Stored items from a collection
────────

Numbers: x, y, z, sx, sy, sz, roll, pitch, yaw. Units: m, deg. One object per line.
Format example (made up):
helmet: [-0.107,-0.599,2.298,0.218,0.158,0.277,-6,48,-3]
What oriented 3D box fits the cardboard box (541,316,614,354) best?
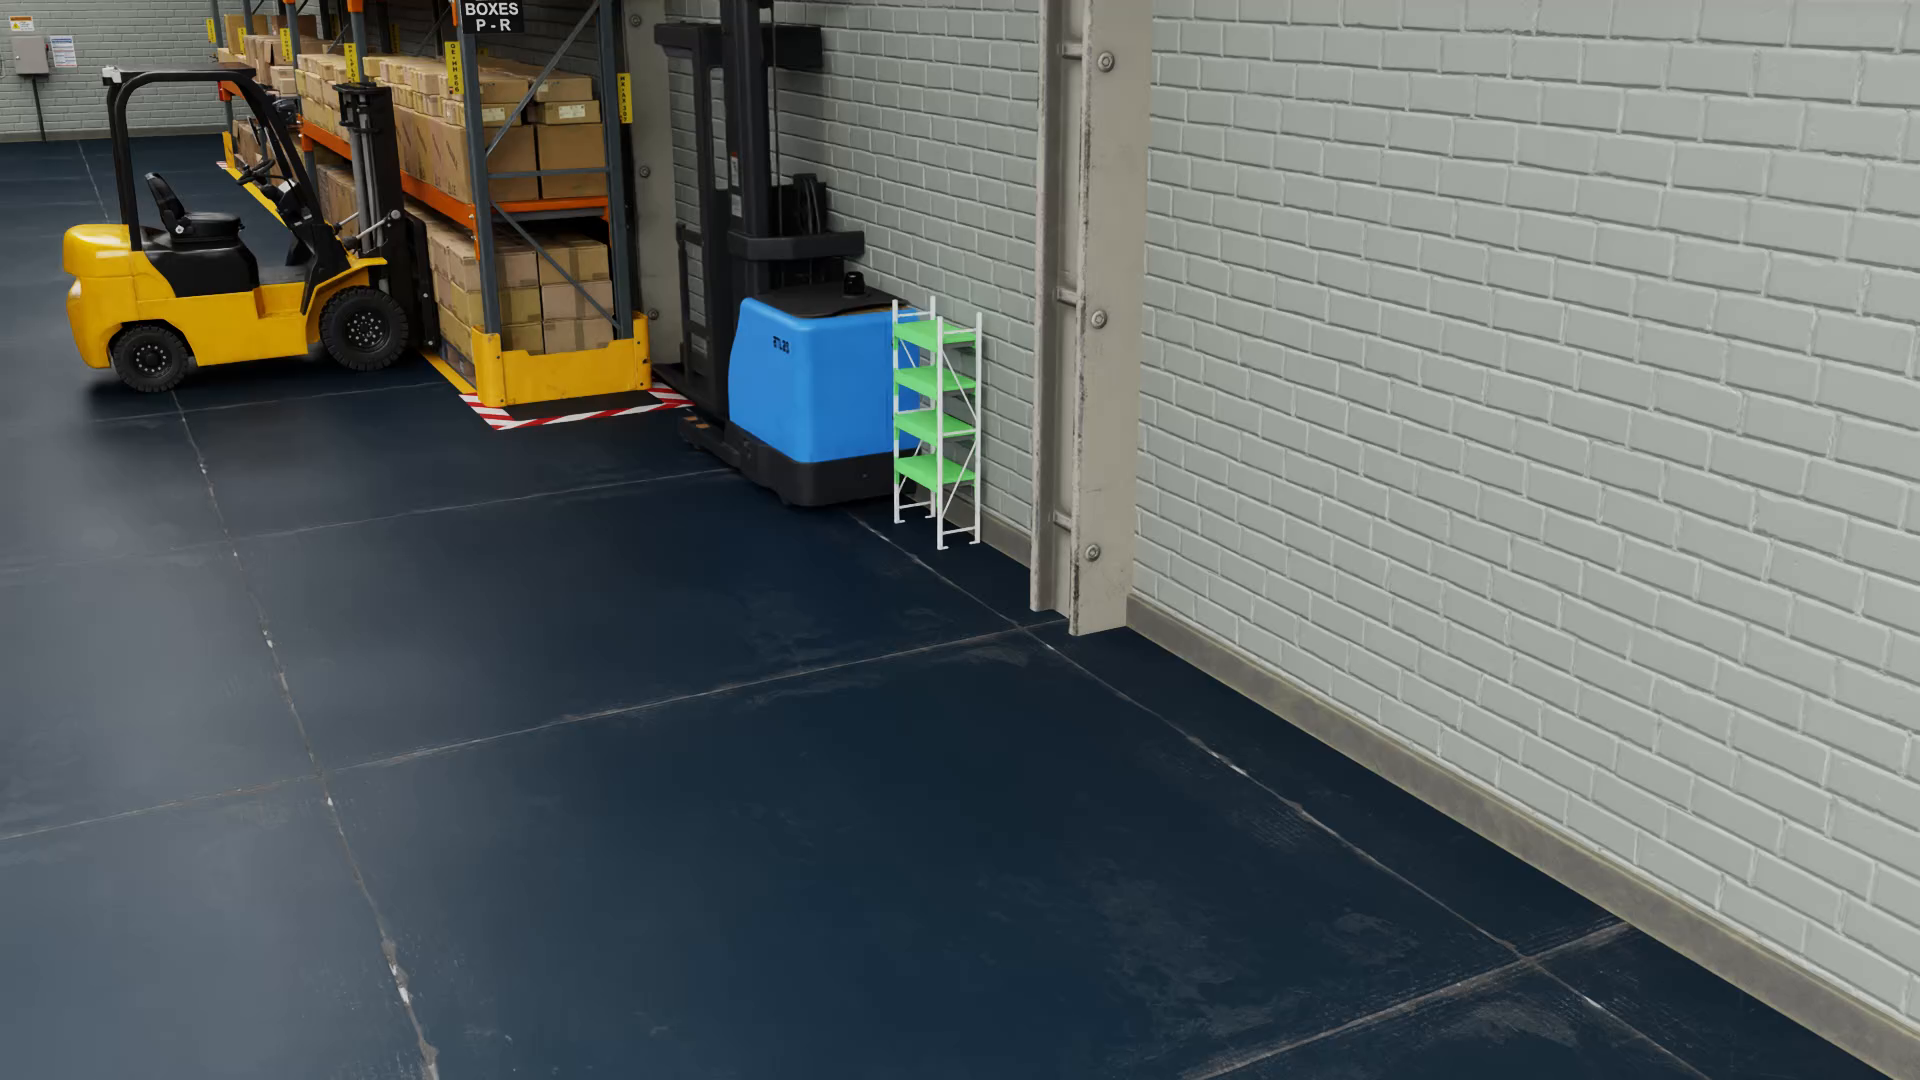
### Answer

────────

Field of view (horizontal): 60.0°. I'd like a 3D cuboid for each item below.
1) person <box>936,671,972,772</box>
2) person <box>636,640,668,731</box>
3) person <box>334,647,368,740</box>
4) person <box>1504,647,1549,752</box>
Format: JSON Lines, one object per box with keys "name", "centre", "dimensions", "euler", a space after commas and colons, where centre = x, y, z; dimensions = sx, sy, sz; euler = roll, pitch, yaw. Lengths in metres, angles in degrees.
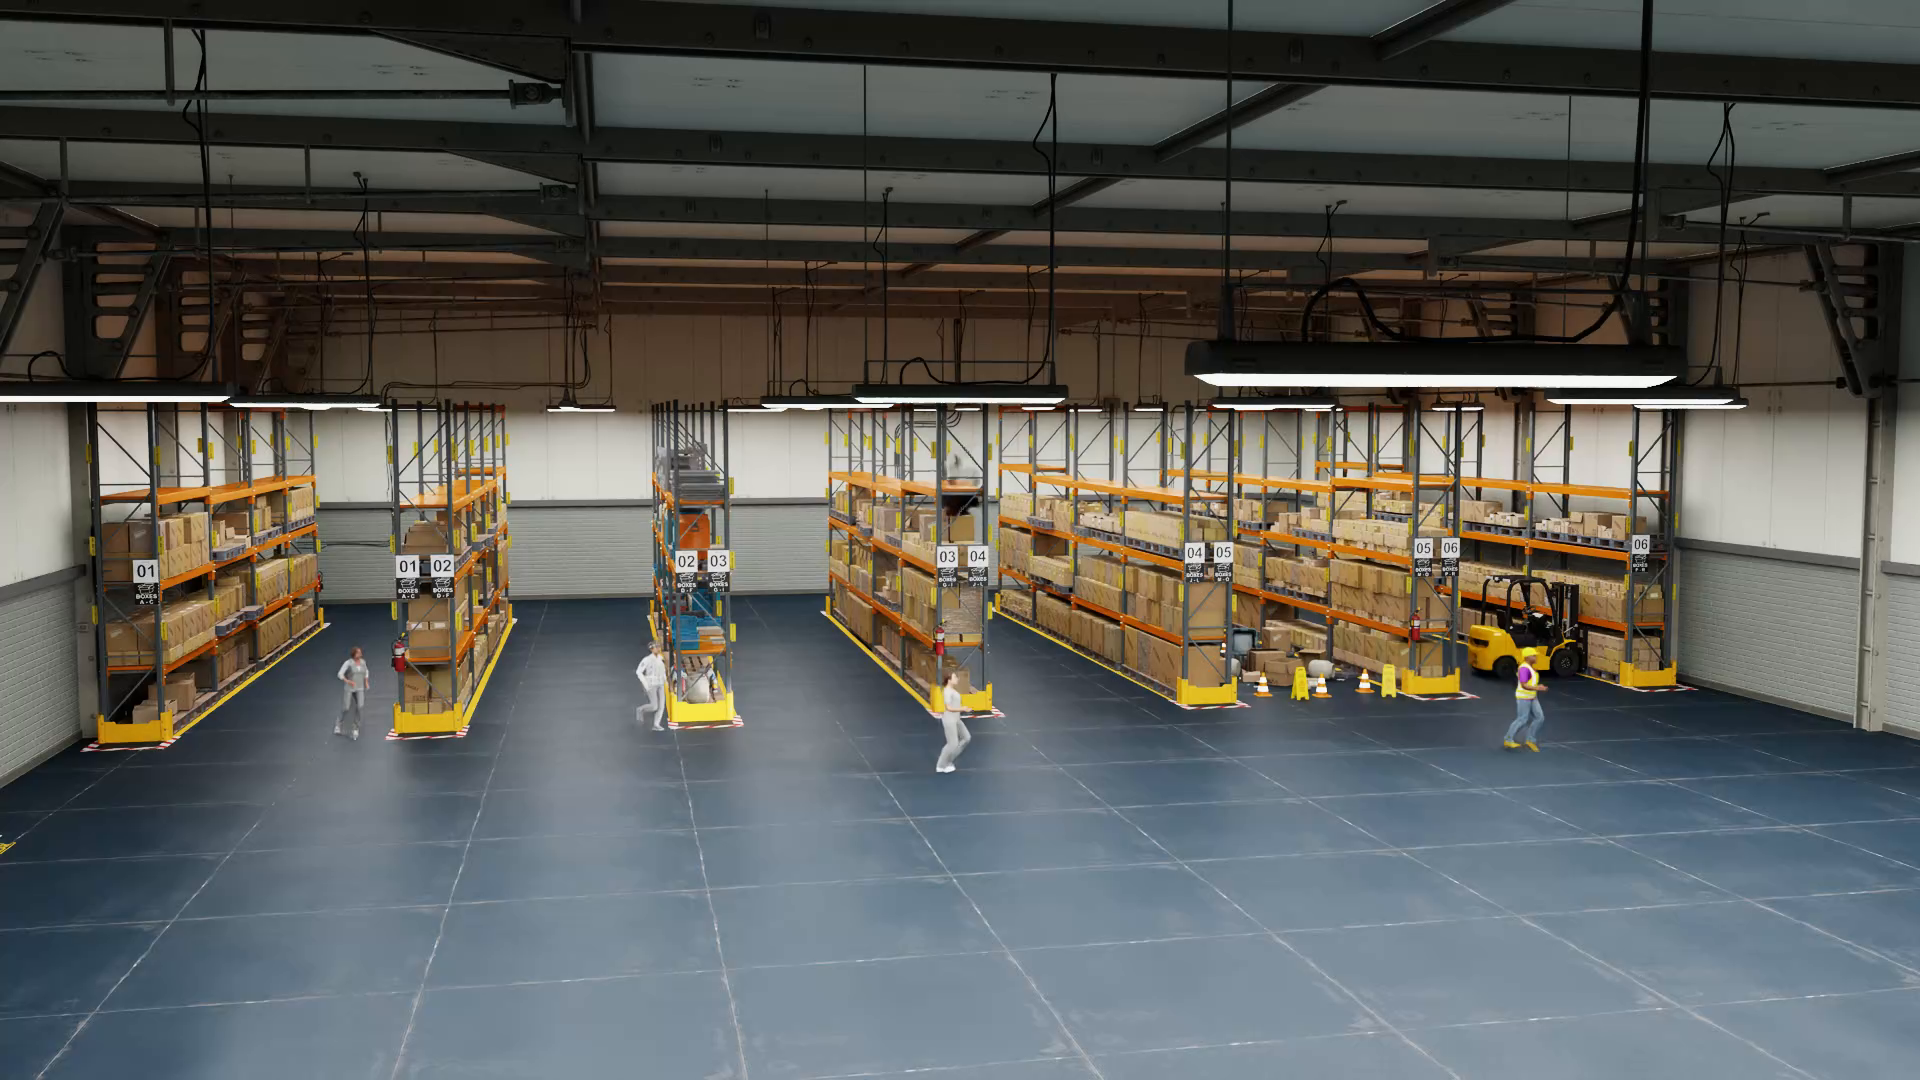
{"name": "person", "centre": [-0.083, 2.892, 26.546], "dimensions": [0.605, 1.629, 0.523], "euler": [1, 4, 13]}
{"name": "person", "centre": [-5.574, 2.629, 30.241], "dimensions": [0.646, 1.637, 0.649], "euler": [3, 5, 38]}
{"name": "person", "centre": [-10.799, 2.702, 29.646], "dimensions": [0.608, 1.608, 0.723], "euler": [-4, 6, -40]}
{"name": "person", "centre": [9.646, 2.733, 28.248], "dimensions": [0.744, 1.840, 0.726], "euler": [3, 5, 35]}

────────

Using the data above, repeat exactly the lines that begin at the line with "3) person <box>334,647,368,740</box>" and end at the line with "4) person <box>1504,647,1549,752</box>", both ends included.

**Task solution**
3) person <box>334,647,368,740</box>
4) person <box>1504,647,1549,752</box>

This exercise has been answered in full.